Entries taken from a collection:
============

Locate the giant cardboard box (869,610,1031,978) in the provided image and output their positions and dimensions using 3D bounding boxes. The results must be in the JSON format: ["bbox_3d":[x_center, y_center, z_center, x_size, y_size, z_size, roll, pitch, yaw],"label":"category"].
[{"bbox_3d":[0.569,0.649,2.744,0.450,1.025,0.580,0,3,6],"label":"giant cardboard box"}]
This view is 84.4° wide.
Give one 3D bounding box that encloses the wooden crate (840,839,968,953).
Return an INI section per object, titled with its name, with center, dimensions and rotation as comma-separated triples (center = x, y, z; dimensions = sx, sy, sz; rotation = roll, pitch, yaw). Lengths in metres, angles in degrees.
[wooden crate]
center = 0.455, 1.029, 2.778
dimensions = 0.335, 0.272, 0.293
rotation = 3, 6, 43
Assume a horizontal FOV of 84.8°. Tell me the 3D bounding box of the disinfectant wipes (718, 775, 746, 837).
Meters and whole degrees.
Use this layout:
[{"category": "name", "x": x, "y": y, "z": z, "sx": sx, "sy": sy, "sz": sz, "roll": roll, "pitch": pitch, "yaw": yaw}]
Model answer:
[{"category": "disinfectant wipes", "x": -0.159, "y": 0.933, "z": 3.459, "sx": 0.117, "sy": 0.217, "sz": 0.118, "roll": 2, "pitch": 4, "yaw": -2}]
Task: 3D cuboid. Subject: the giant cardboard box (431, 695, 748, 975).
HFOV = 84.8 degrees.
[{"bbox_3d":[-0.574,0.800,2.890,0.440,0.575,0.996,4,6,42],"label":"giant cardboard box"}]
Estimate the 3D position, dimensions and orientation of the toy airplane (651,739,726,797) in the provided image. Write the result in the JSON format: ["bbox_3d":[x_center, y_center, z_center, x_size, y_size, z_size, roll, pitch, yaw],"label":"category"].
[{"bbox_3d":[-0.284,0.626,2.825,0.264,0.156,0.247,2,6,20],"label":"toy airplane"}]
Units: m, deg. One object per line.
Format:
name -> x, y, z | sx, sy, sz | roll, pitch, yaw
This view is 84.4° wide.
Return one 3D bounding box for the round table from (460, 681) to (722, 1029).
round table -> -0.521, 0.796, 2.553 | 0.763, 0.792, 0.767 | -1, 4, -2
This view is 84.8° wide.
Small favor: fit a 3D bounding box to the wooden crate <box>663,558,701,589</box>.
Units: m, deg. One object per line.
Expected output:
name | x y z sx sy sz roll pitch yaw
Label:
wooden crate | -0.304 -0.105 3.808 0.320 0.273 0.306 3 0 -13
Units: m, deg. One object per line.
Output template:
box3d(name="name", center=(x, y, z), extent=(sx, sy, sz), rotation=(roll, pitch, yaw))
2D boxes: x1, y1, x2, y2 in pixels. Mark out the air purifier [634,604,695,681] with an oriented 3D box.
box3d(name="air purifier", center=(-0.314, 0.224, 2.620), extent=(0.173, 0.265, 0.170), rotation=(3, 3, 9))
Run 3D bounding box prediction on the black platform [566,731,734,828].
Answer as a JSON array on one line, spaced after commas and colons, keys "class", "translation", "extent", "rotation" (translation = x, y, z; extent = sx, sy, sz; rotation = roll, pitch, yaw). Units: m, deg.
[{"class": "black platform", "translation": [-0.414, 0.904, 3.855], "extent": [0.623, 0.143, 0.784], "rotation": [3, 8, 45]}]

============

• [Task objective] Write out every line of the records exactly.

• [Answer]
Locate the giant cardboard box (869,610,1031,978) in the provided image and output their positions and dimensions using 3D bounding boxes. The results must be in the JSON format: ["bbox_3d":[x_center, y_center, z_center, x_size, y_size, z_size, roll, pitch, yaw],"label":"category"].
[{"bbox_3d":[0.569,0.649,2.744,0.450,1.025,0.580,0,3,6],"label":"giant cardboard box"}]
This view is 84.4° wide.
Give one 3D bounding box that encloses the wooden crate (840,839,968,953).
Return an INI section per object, titled with its name, with center, dimensions and rotation as comma-separated triples (center = x, y, z; dimensions = sx, sy, sz; rotation = roll, pitch, yaw). Lengths in metres, angles in degrees.
[wooden crate]
center = 0.455, 1.029, 2.778
dimensions = 0.335, 0.272, 0.293
rotation = 3, 6, 43
Assume a horizontal FOV of 84.8°. Tell me the 3D bounding box of the disinfectant wipes (718, 775, 746, 837).
Meters and whole degrees.
Use this layout:
[{"category": "name", "x": x, "y": y, "z": z, "sx": sx, "sy": sy, "sz": sz, "roll": roll, "pitch": pitch, "yaw": yaw}]
Model answer:
[{"category": "disinfectant wipes", "x": -0.159, "y": 0.933, "z": 3.459, "sx": 0.117, "sy": 0.217, "sz": 0.118, "roll": 2, "pitch": 4, "yaw": -2}]
Task: 3D cuboid. Subject: the giant cardboard box (431, 695, 748, 975).
HFOV = 84.8 degrees.
[{"bbox_3d":[-0.574,0.800,2.890,0.440,0.575,0.996,4,6,42],"label":"giant cardboard box"}]
Estimate the 3D position, dimensions and orientation of the toy airplane (651,739,726,797) in the provided image. Write the result in the JSON format: ["bbox_3d":[x_center, y_center, z_center, x_size, y_size, z_size, roll, pitch, yaw],"label":"category"].
[{"bbox_3d":[-0.284,0.626,2.825,0.264,0.156,0.247,2,6,20],"label":"toy airplane"}]
Units: m, deg. One object per line.
Format:
name -> x, y, z | sx, sy, sz | roll, pitch, yaw
This view is 84.4° wide.
Return one 3D bounding box for the round table from (460, 681) to (722, 1029).
round table -> -0.521, 0.796, 2.553 | 0.763, 0.792, 0.767 | -1, 4, -2
This view is 84.8° wide.
Small favor: fit a 3D bounding box to the wooden crate <box>663,558,701,589</box>.
Units: m, deg. One object per line.
Expected output:
name | x y z sx sy sz roll pitch yaw
Label:
wooden crate | -0.304 -0.105 3.808 0.320 0.273 0.306 3 0 -13
Units: m, deg. One object per line.
Output template:
box3d(name="name", center=(x, y, z), extent=(sx, sy, sz), rotation=(roll, pitch, yaw))
2D boxes: x1, y1, x2, y2 in pixels. Mark out the air purifier [634,604,695,681] with an oriented 3D box.
box3d(name="air purifier", center=(-0.314, 0.224, 2.620), extent=(0.173, 0.265, 0.170), rotation=(3, 3, 9))
Run 3D bounding box prediction on the black platform [566,731,734,828].
Answer as a JSON array on one line, spaced after commas and colons, keys "class", "translation", "extent", "rotation" (translation = x, y, z; extent = sx, sy, sz; rotation = roll, pitch, yaw). Units: m, deg.
[{"class": "black platform", "translation": [-0.414, 0.904, 3.855], "extent": [0.623, 0.143, 0.784], "rotation": [3, 8, 45]}]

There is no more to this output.